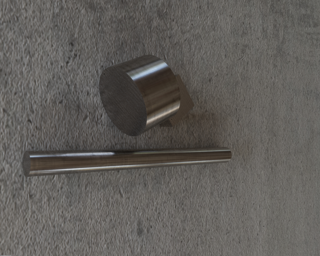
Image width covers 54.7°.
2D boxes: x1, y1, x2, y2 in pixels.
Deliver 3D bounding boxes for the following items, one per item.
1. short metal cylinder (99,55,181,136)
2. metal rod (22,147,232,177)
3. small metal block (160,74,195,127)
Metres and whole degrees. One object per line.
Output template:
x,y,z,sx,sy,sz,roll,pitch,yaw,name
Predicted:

• [The problem]:
Beginning with the line that contains "Deliver 3D bounding", write out every line through the end of the entries above, exactly.

• [Output for this task]:
Deliver 3D bounding boxes for the following items, one per item.
1. short metal cylinder (99,55,181,136)
2. metal rod (22,147,232,177)
3. small metal block (160,74,195,127)
Metres and whole degrees. One object per line.
Output template:
x,y,z,sx,sy,sz,roll,pitch,yaw,name
Predicted:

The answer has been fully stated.